**To do:** Your reply should reproduce each line below exactly and carry none of the pictures.
[Source material Boundary: Start]
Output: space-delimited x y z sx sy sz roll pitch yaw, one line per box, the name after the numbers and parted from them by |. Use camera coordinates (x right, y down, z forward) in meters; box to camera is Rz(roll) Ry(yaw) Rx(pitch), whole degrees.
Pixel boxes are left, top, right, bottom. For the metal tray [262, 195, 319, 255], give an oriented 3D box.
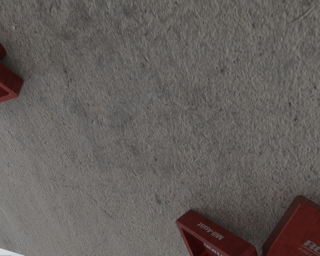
0.201 0.152 0.365 0.130 0.030 0.090 30 101 10 | metal tray

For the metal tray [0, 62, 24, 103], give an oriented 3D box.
-0.291 -0.071 0.474 0.130 0.030 0.090 -12 144 25 | metal tray

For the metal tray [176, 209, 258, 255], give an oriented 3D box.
0.083 0.176 0.430 0.130 0.030 0.090 14 131 57 | metal tray

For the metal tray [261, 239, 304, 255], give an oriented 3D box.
0.204 0.208 0.424 0.130 0.030 0.089 20 126 16 | metal tray

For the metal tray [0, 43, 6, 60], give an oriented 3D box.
-0.311 -0.124 0.490 0.130 0.030 0.090 -22 107 36 | metal tray
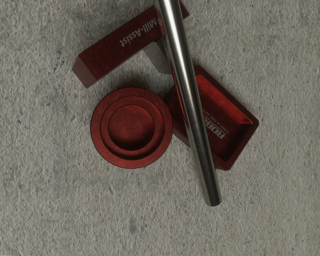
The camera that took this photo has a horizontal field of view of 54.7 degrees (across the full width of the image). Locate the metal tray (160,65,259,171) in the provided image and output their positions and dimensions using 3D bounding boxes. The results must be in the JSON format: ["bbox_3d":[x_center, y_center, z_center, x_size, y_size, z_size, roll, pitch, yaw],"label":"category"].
[{"bbox_3d":[0.067,-0.013,0.434,0.130,0.030,0.090,40,77,-16],"label":"metal tray"}]

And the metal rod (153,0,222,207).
[{"bbox_3d":[0.038,-0.021,0.369,0.025,0.025,0.298,-28,121,-18],"label":"metal rod"}]

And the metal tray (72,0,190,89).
[{"bbox_3d":[-0.037,-0.099,0.362,0.131,0.090,0.030,-39,103,-16],"label":"metal tray"}]

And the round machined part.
[{"bbox_3d":[-0.037,-0.001,0.385,0.099,0.042,0.097,-1,93,-14],"label":"round machined part"}]

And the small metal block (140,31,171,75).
[{"bbox_3d":[0.006,-0.096,0.395,0.025,0.050,0.050,-44,119,-12],"label":"small metal block"}]
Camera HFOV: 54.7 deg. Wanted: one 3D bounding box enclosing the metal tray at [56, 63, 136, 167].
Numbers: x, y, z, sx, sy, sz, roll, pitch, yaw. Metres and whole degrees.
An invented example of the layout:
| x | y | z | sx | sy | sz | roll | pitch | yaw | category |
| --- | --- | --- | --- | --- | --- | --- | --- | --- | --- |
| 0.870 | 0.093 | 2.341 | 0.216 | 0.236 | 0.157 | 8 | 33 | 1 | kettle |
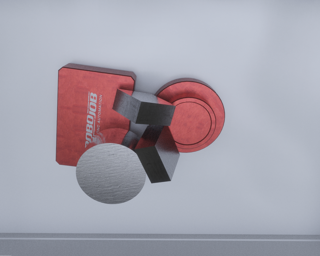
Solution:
| x | y | z | sx | sy | sz | roll | pitch | yaw | category |
| --- | --- | --- | --- | --- | --- | --- | --- | --- | --- |
| -0.083 | -0.012 | 0.399 | 0.091 | 0.030 | 0.129 | 7 | 110 | -3 | metal tray |

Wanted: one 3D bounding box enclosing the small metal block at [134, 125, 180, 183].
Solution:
| x | y | z | sx | sy | sz | roll | pitch | yaw | category |
| --- | --- | --- | --- | --- | --- | --- | --- | --- | --- |
| -0.001 | 0.029 | 0.365 | 0.025 | 0.050 | 0.050 | -12 | 118 | 24 | small metal block |

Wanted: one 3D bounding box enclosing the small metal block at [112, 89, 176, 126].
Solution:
| x | y | z | sx | sy | sz | roll | pitch | yaw | category |
| --- | --- | --- | --- | --- | --- | --- | --- | --- | --- |
| -0.019 | -0.024 | 0.360 | 0.050 | 0.050 | 0.025 | 3 | 109 | -41 | small metal block |

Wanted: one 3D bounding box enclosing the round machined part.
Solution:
| x | y | z | sx | sy | sz | roll | pitch | yaw | category |
| --- | --- | --- | --- | --- | --- | --- | --- | --- | --- |
| 0.034 | -0.012 | 0.396 | 0.099 | 0.042 | 0.097 | 0 | 110 | -1 | round machined part |

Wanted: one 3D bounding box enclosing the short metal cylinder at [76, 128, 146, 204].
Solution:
| x | y | z | sx | sy | sz | roll | pitch | yaw | category |
| --- | --- | --- | --- | --- | --- | --- | --- | --- | --- |
| -0.057 | 0.045 | 0.380 | 0.081 | 0.050 | 0.079 | 0 | 110 | -1 | short metal cylinder |
[Source material Boundary: End]
**Your response:**
Output: space-delimited x y z sx sy sz roll pitch yaw, one line per box, the name after the numbers and parted from them by |. Use camera coordinates (x right, y down, z forward) in meters; box to camera is Rz(roll) Ry(yaw) Rx(pitch), whole degrees.
Pixel boxes are left, top, right, bottom. For the metal tray [262, 195, 319, 255], give an oriented 3D box.
0.201 0.152 0.365 0.130 0.030 0.090 30 101 10 | metal tray

For the metal tray [0, 62, 24, 103], give an oriented 3D box.
-0.291 -0.071 0.474 0.130 0.030 0.090 -12 144 25 | metal tray

For the metal tray [176, 209, 258, 255], give an oriented 3D box.
0.083 0.176 0.430 0.130 0.030 0.090 14 131 57 | metal tray

For the metal tray [261, 239, 304, 255], give an oriented 3D box.
0.204 0.208 0.424 0.130 0.030 0.089 20 126 16 | metal tray

For the metal tray [0, 43, 6, 60], give an oriented 3D box.
-0.311 -0.124 0.490 0.130 0.030 0.090 -22 107 36 | metal tray
The camera that took this photo has a horizontal field of view of 54.7 degrees (across the full width of the image). Locate the metal tray (160,65,259,171) in the provided image and output their positions and dimensions using 3D bounding boxes. The results must be in the JSON format: ["bbox_3d":[x_center, y_center, z_center, x_size, y_size, z_size, roll, pitch, yaw],"label":"category"].
[{"bbox_3d":[0.067,-0.013,0.434,0.130,0.030,0.090,40,77,-16],"label":"metal tray"}]

And the metal rod (153,0,222,207).
[{"bbox_3d":[0.038,-0.021,0.369,0.025,0.025,0.298,-28,121,-18],"label":"metal rod"}]

And the metal tray (72,0,190,89).
[{"bbox_3d":[-0.037,-0.099,0.362,0.131,0.090,0.030,-39,103,-16],"label":"metal tray"}]

And the round machined part.
[{"bbox_3d":[-0.037,-0.001,0.385,0.099,0.042,0.097,-1,93,-14],"label":"round machined part"}]

And the small metal block (140,31,171,75).
[{"bbox_3d":[0.006,-0.096,0.395,0.025,0.050,0.050,-44,119,-12],"label":"small metal block"}]
Camera HFOV: 54.7 deg. Wanted: one 3D bounding box enclosing the metal tray at [56, 63, 136, 167].
Numbers: x, y, z, sx, sy, sz, roll, pitch, yaw. Metres and whole degrees.
An invented example of the layout:
| x | y | z | sx | sy | sz | roll | pitch | yaw | category |
| --- | --- | --- | --- | --- | --- | --- | --- | --- | --- |
| 0.870 | 0.093 | 2.341 | 0.216 | 0.236 | 0.157 | 8 | 33 | 1 | kettle |
Solution:
| x | y | z | sx | sy | sz | roll | pitch | yaw | category |
| --- | --- | --- | --- | --- | --- | --- | --- | --- | --- |
| -0.083 | -0.012 | 0.399 | 0.091 | 0.030 | 0.129 | 7 | 110 | -3 | metal tray |

Wanted: one 3D bounding box enclosing the small metal block at [134, 125, 180, 183].
Solution:
| x | y | z | sx | sy | sz | roll | pitch | yaw | category |
| --- | --- | --- | --- | --- | --- | --- | --- | --- | --- |
| -0.001 | 0.029 | 0.365 | 0.025 | 0.050 | 0.050 | -12 | 118 | 24 | small metal block |

Wanted: one 3D bounding box enclosing the small metal block at [112, 89, 176, 126].
Solution:
| x | y | z | sx | sy | sz | roll | pitch | yaw | category |
| --- | --- | --- | --- | --- | --- | --- | --- | --- | --- |
| -0.019 | -0.024 | 0.360 | 0.050 | 0.050 | 0.025 | 3 | 109 | -41 | small metal block |

Wanted: one 3D bounding box enclosing the round machined part.
Solution:
| x | y | z | sx | sy | sz | roll | pitch | yaw | category |
| --- | --- | --- | --- | --- | --- | --- | --- | --- | --- |
| 0.034 | -0.012 | 0.396 | 0.099 | 0.042 | 0.097 | 0 | 110 | -1 | round machined part |

Wanted: one 3D bounding box enclosing the short metal cylinder at [76, 128, 146, 204].
Solution:
| x | y | z | sx | sy | sz | roll | pitch | yaw | category |
| --- | --- | --- | --- | --- | --- | --- | --- | --- | --- |
| -0.057 | 0.045 | 0.380 | 0.081 | 0.050 | 0.079 | 0 | 110 | -1 | short metal cylinder |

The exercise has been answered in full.